▸ Task objective: Identify and pull out each line of the entries in which "roll" occurs.
*** Data shown ***
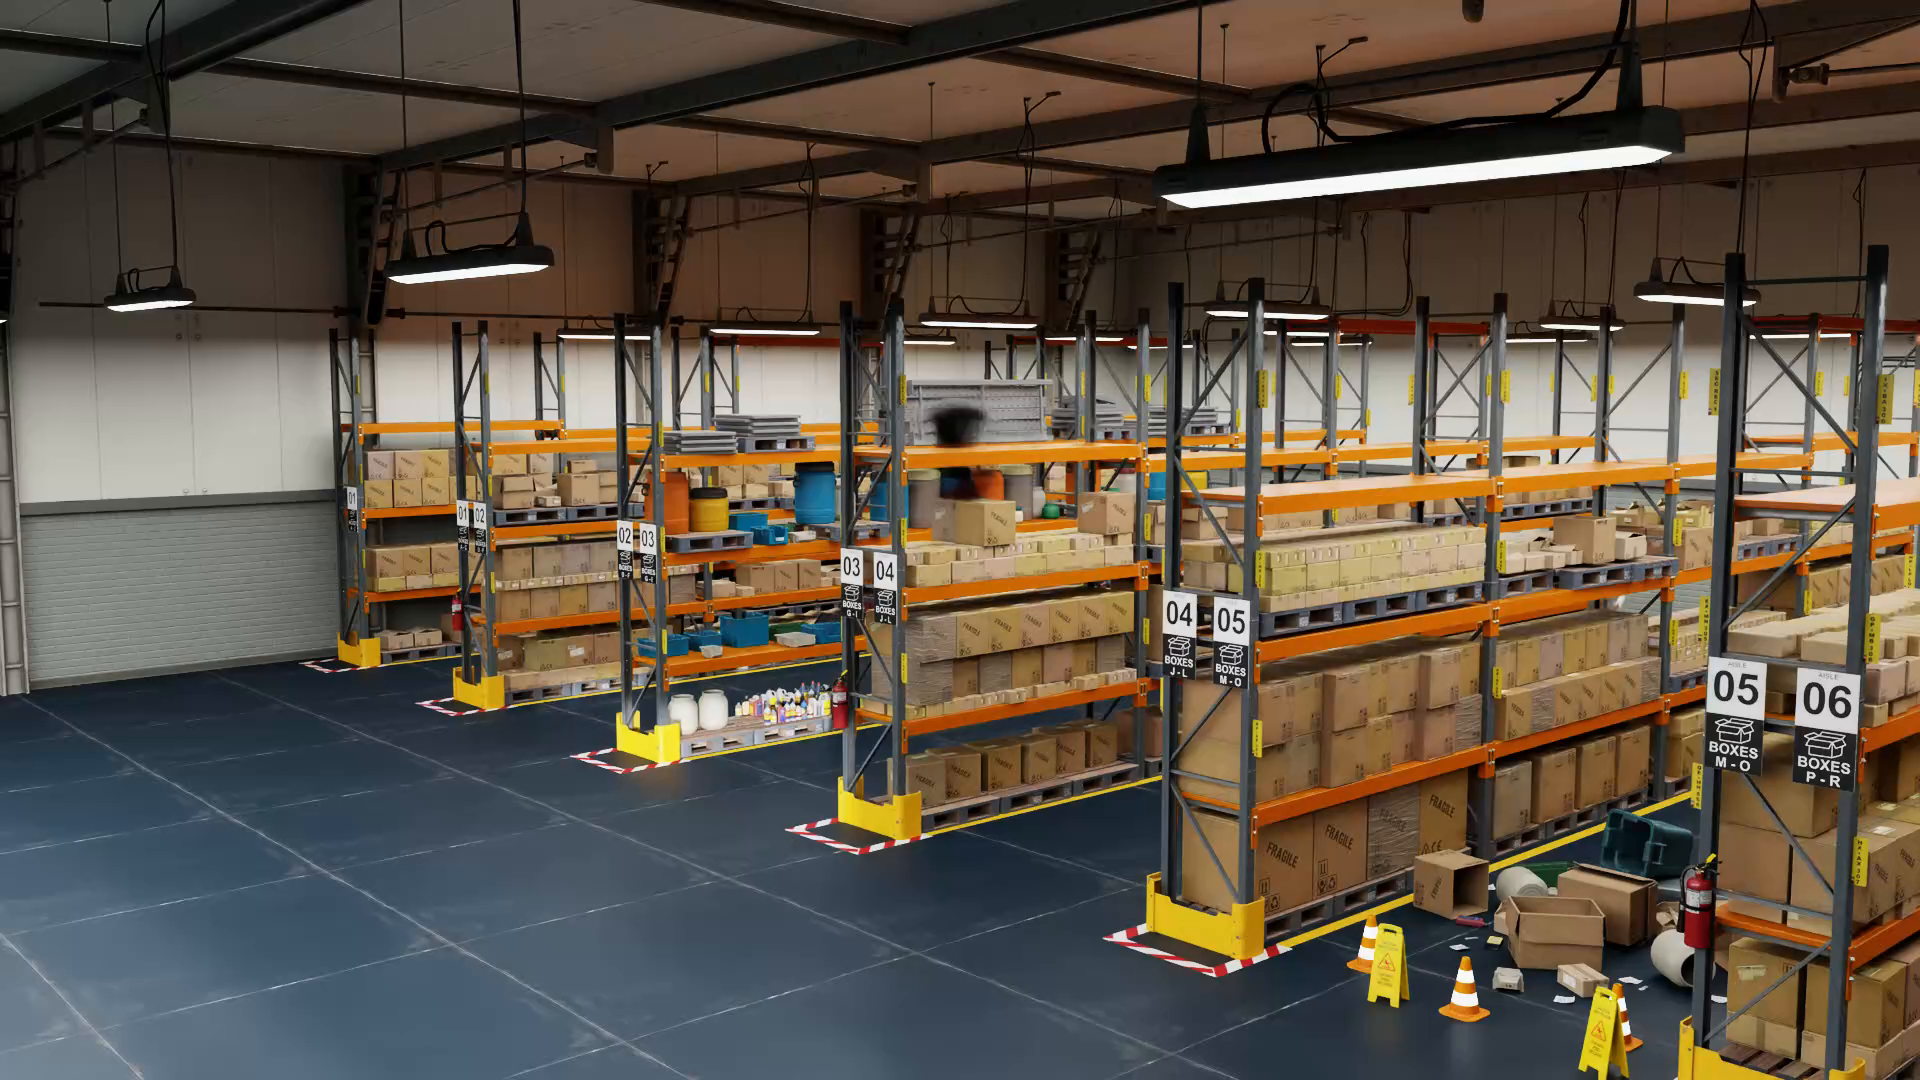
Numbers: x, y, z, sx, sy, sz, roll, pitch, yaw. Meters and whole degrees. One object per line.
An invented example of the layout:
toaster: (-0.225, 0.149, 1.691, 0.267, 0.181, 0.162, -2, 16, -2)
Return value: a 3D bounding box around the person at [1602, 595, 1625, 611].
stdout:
person: (11.869, 1.357, 30.878, 0.725, 1.509, 1.094, 0, 6, 0)
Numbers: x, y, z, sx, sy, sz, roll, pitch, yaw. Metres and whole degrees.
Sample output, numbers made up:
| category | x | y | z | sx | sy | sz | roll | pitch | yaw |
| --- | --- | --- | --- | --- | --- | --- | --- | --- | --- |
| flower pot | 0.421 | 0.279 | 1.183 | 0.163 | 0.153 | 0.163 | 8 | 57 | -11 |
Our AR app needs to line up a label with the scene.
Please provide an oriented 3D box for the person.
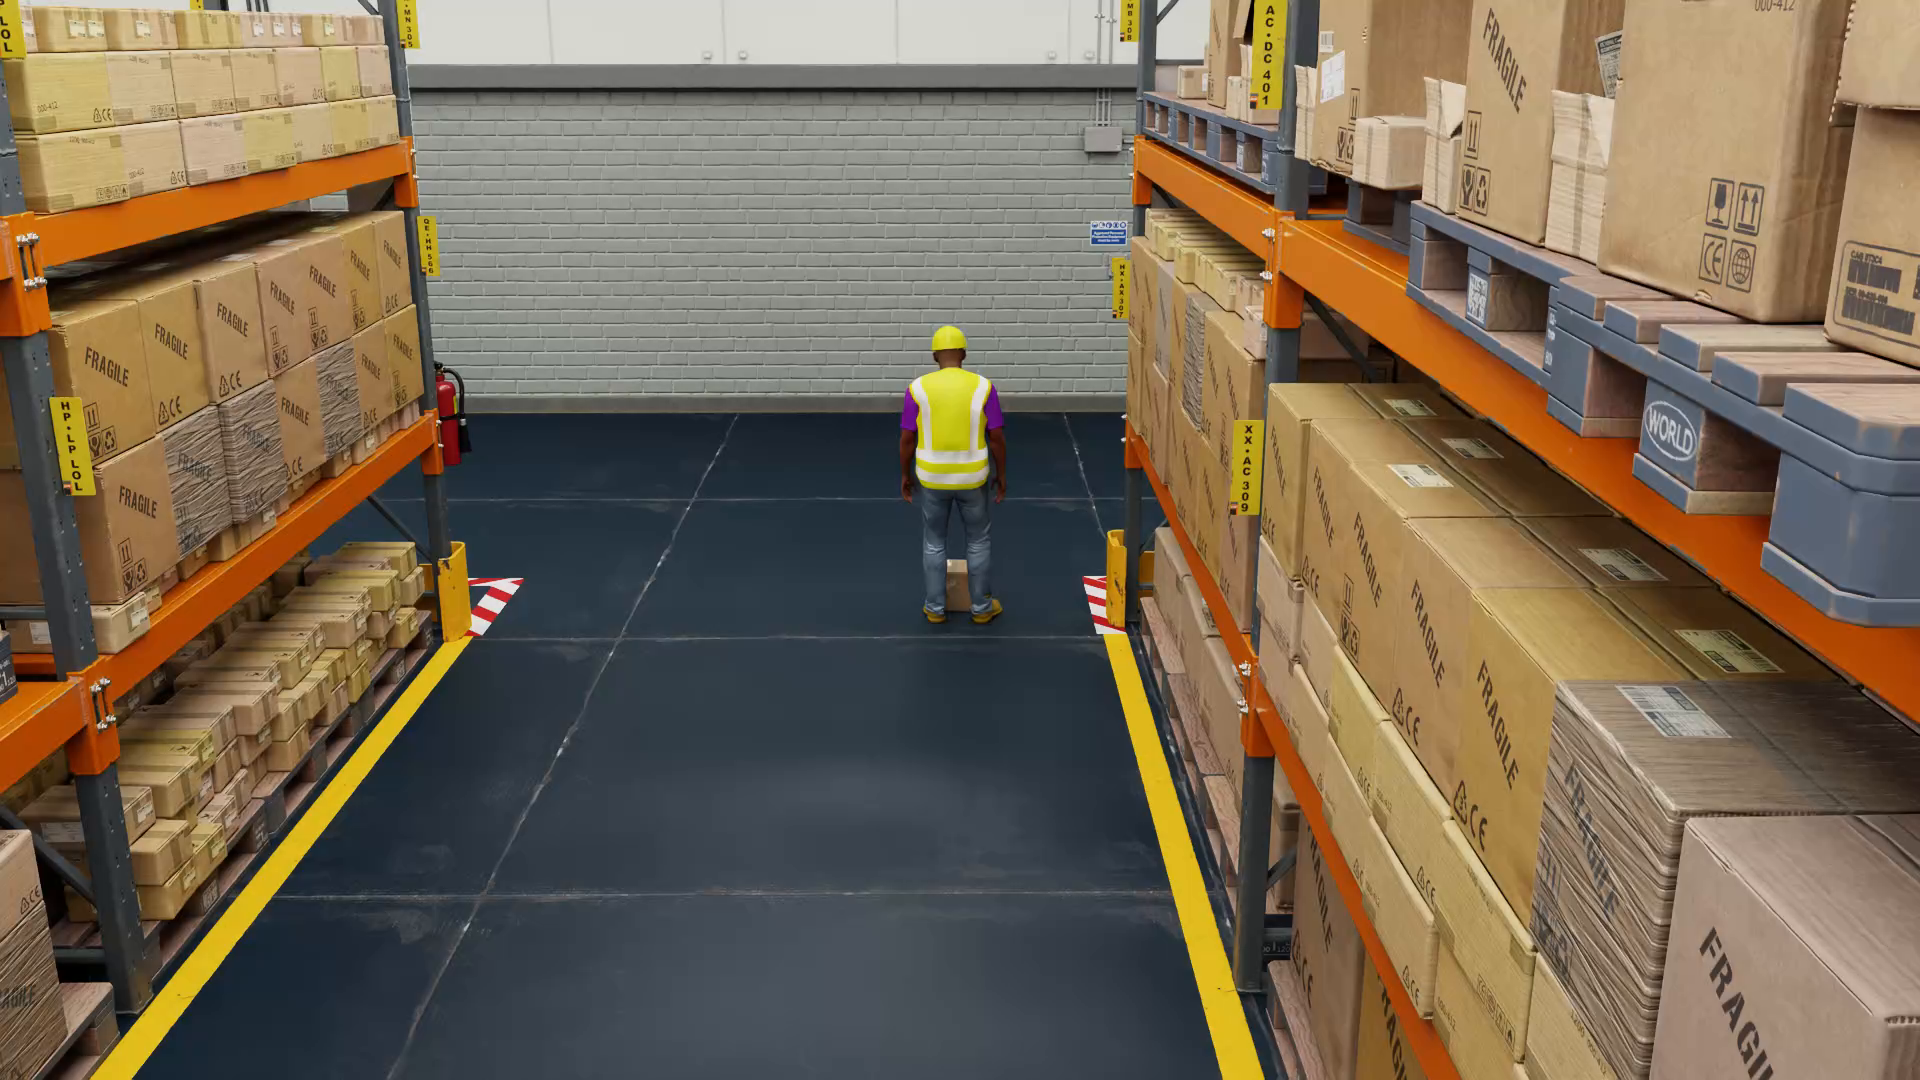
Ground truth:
*** End of Data shown ***
▸ Task solution:
Numbers: x, y, z, sx, sy, sz, roll, pitch, yaw. Meters and whole degrees. One object per line.
Numbers: x, y, z, sx, sy, sz, roll, pitch, yaw. Metres and whole degrees.
| category | x | y | z | sx | sy | sz | roll | pitch | yaw |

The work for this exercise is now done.